Changes in inflammatory gene expression induced by hyperbaric oxygen treatment in human endothelial cells under chronic wound conditions

Hyperbaric oxygen (HBO) therapy involves the inhalation of 100% oxygen, whilst inside a chamber at greater than atmospheric pressure. It is an effective treatment for chronic diabetic wounds, although the molecular mechanisms involved remain unclear. We hypothesised that HBO could alter inflammatory gene expression in human endothelial cells via a reactive oxygen/nitrogen species-mediated pathway. Endothelial cells were exposed to a chronic wound model comprising hypoxia (2% O2 at 1 atmosphere absolute (ATA); PO2 ~ 2 kPa) in the presence of lipopolysaccharide and TNF-α for 24 h, then treated with HBO for 90 min (97.5% O2 at 2.4 ATA; PO2 ~ 237 kPa). 5 h post-HBO, 19 genes involved in adhesion, angiogenesis, inflammation and oxidative stress were downregulated. Notably, only angiogenin gene expression, which promotes both angiogenesis and nitric oxide production (reflected by increased eNOS protein expression in this study), was upregulated. This led to a decrease in endothelial IL-8 mRNA and protein, which could help alleviate inflammatory processes during chronic wound healing. This was no longer evident 22.5 h post-HBO, demonstrating the importance of daily exposures in HBO treatment protocols. These studies indicate that elevated oxygen transiently regulates inflammatory gene expression in endothelial cells, which may enhance chronic wound healing.

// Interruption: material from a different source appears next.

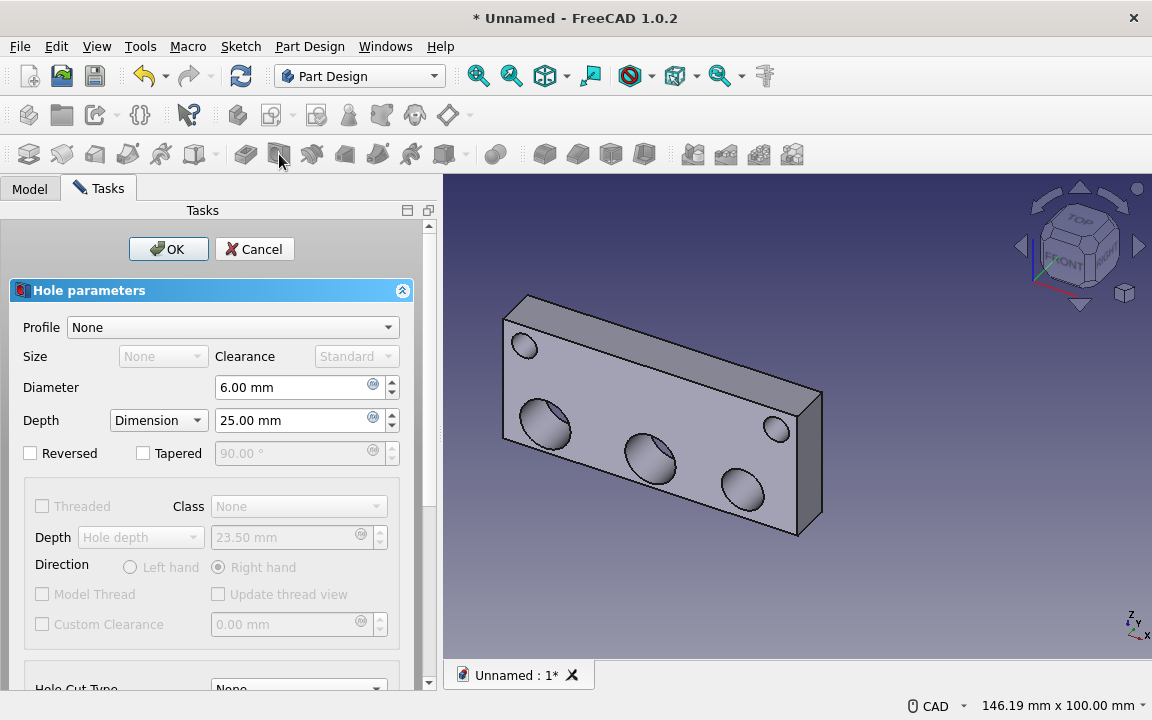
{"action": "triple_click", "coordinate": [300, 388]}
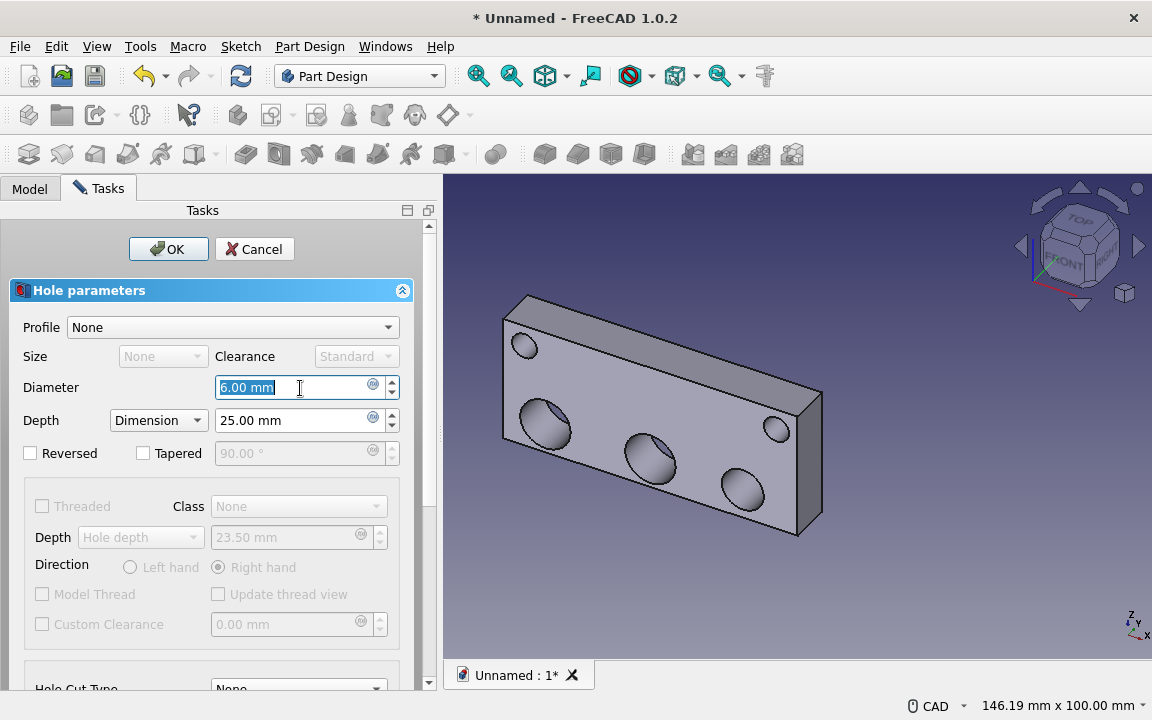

► We developed a chronic wound model of endothelial cells to test for gene expression.
► We tested the effect of hyperbaric oxygen on 92 pro and anti-inflammatory genes.
► Angiogenin gene expression and eNOS protein production were significantly elevated.
► The pro-inflammatory IL-8 mRNA and protein levels decreased post-treatment.
► Hyperoxia regulates specific inflammatory gene expression in endothelial cells.